Foi assim que, no dia célebre e tão ansiado, afluíram de perto e de longe a Fátima, arrostando com todos os embaraços e todas as durezas das viagens, milhares e milhares de pessoas, umas que palmilharam léguas ao sol e à chuva, outras que se transportaram em variadíssimos veículos, desde os quase pré-históricos até aos mais recentes e maravilhosos modelos de automóveis, e ainda muitíssimas que suportaram os incómodos das terceiras classes dos comboios, dentro dos quais, para percorrer hoje relativamente pequenas distâncias, se perdem longas horas e até dias e noites! Vi ranchos de homens e de mulheres, pacientemente, como enlevados num sonho, dirigirem-se de véspera para o sítio famoso, cantando hinos sacros e caminhando descalços ao ritmo deles e à recitação cadenciada do terço do Rosário, sem que os importunasse, os demovesse ou desesperasse, a mudança quase repentina do tempo, quando as bátegas de água transformaram as estradas poeirentas em fundos lamaçais, e às doçuras do Outono sucederem, por um dia, os aspérrimos rigores do Inverno. Vi a multidão, ora comprimida à volta da pequenina árvore do milagre e desbastando-a dos seus ramos para guardar como relíquias, ora espraiada pela vasta charneca que a estrada de Leiria atravessa e domina, e que a mais pitoresca e heterogénea concordância de carros e pessoas atravancou naquele dia memorável, aguardar na melhor ordem as manifestações sobrenaturais, sem temer que a invernia as prejudicasse, diminuindo-lhes o esplendor e a imponência... Vi que o desalento não invadiu as almas, que a confiança se conservou viva e ardente, a despeito das inesperadas contrariedades, que a compostura da multidão, em que superabundavam os campónios, foi perfeita e que as crianças, no seu entender privilegiadas, tiveram a acolhê-las as demonstrações do mais intenso carinho por parte daquele povo que ajoelhou, se descobriu e rezou a seu mandado, ao aproximar-se a hora do milagre, a hora do sinal sensível, a hora mística e suspirada do contacto entre o Céu e a Terra...
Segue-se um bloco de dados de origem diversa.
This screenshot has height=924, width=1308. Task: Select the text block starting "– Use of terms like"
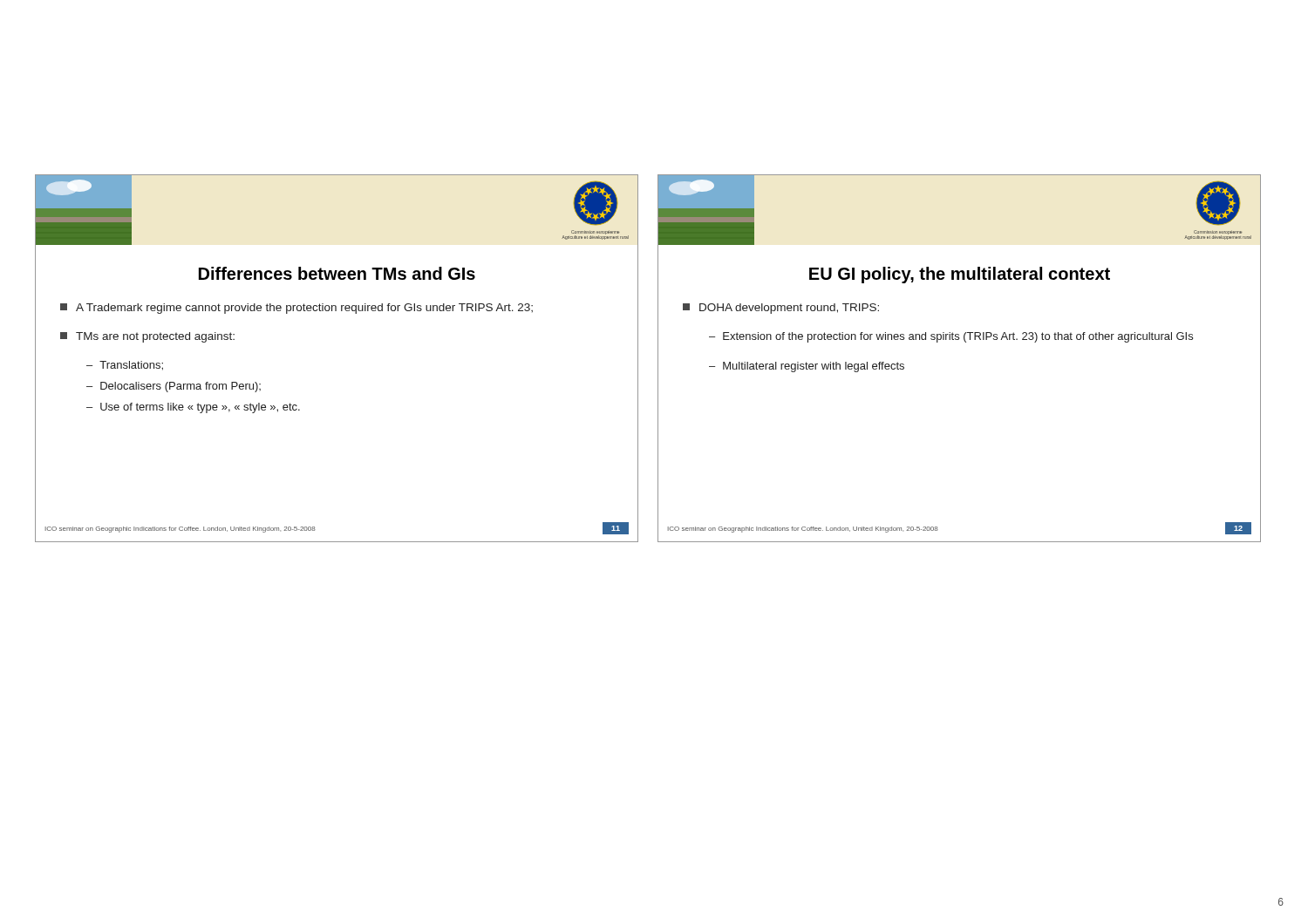[193, 407]
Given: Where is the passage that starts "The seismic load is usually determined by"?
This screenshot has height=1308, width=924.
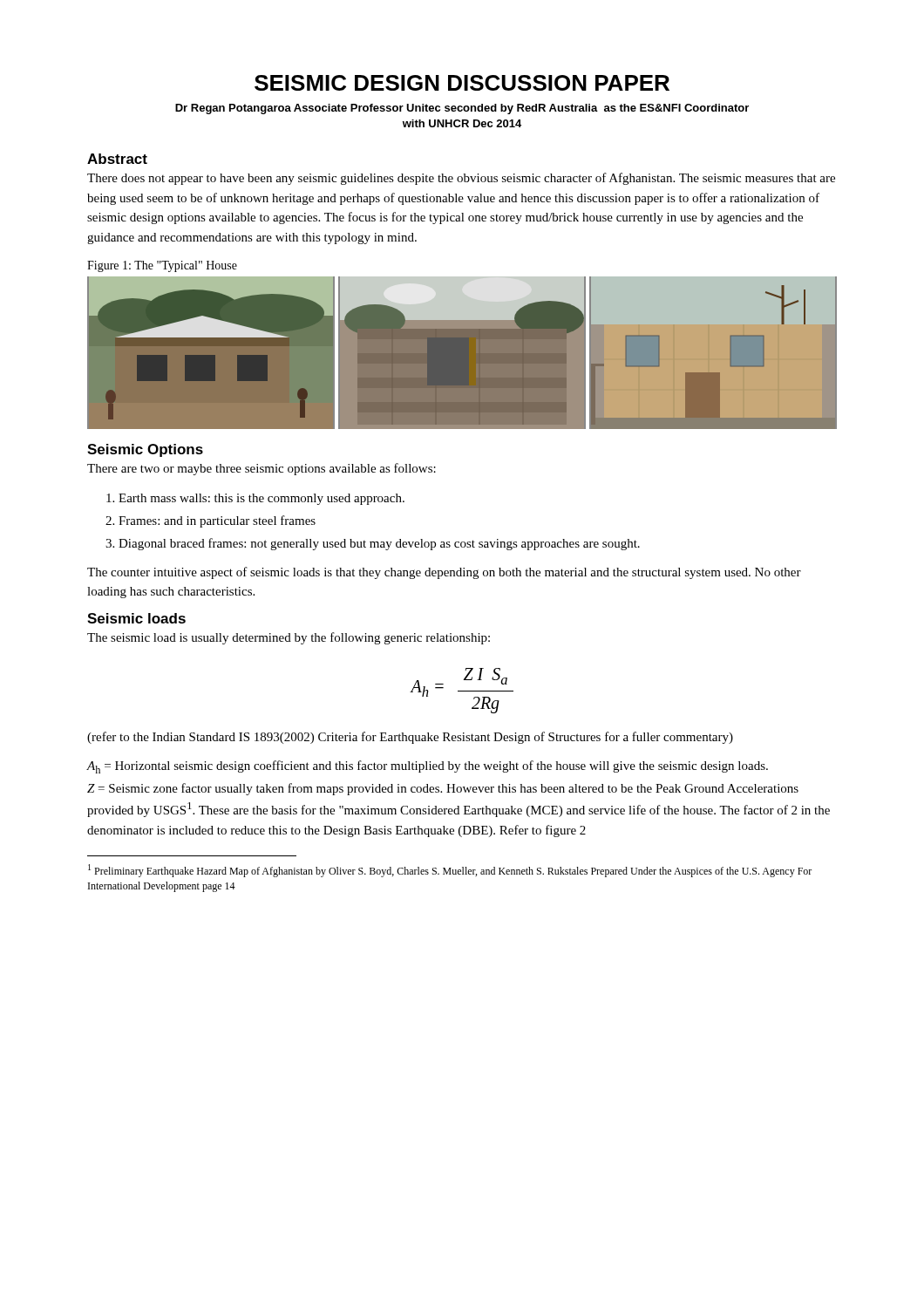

E, quando já não imaginava que via alguma coisa mais impressionante do que essa rumorosa mas pacífica multidão animada pela mesma obsessiva ideia e movida pelo mesmo poderoso anseio, que vi eu ainda de verdadeiramente estranho na charneca de Fátima? A chuva, à hora pré-anunciada, deixar de cair; a densa massa de nuvens romper-se e o astro-rei – disco de prata fosca – em pleno zénite aparecer e começar dançando num bailado violento e convulso, que grande número de pessoas imaginava ser uma dança serpentina, tão belas e rutilantes cores revestiu sucessivamente a superfície solar.
Milagre, como gritava o povo? Fenómeno natural, como dizem os cientistas? Não curo agora de sabê-lo, mas apenas de te afirmar o que vi... O resto é com a Ciência e com a Igreja...

Avelino de Almeida, agnóstico e jornalista de «O Século», Outubro de 1917.